= Beginning of Section =

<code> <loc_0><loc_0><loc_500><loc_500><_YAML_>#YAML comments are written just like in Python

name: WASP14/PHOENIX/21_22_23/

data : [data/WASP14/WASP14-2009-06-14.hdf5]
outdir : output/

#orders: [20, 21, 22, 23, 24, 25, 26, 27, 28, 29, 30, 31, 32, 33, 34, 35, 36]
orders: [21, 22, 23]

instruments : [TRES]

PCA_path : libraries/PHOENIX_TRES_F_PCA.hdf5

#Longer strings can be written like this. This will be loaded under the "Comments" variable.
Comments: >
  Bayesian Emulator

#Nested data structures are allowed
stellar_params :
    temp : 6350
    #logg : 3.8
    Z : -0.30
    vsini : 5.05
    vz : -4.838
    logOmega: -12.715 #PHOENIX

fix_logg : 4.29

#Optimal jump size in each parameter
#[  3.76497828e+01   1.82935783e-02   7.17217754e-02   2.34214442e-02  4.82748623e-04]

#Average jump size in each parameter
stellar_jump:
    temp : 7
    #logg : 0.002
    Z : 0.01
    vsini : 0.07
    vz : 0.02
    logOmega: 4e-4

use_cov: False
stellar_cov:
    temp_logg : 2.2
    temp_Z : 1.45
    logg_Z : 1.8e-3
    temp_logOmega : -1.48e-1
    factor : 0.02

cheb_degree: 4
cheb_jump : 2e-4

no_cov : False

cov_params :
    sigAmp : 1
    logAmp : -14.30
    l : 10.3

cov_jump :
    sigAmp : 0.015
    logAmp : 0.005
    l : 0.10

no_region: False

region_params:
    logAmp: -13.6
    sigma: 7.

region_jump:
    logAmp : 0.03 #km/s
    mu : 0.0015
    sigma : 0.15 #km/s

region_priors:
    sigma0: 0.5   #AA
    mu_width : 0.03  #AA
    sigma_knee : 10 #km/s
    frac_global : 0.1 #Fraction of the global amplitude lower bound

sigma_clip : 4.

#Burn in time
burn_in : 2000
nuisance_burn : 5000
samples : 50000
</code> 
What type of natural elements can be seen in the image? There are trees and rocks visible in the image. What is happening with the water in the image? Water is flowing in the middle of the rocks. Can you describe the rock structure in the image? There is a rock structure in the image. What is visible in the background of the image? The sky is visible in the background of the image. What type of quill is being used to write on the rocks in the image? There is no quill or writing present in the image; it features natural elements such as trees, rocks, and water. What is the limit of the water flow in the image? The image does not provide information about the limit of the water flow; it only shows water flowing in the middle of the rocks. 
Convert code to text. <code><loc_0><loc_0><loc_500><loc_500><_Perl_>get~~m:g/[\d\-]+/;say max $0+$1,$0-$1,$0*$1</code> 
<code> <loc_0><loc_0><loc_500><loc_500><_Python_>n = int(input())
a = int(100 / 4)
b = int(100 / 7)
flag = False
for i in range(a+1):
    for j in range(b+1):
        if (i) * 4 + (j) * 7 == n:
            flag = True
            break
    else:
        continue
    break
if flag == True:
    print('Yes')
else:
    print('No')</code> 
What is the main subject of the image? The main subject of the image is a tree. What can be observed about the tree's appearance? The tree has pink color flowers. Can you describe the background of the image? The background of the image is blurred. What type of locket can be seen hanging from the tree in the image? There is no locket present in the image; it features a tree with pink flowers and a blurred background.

= End of Section =

◆ Exercise goal ◆
In the listing above, find each line with "logAmp" and copy it.

◆ Response ◆
    logAmp : -14.30
    logAmp : 0.005
    logAmp: -13.6
    logAmp : 0.03 #km/s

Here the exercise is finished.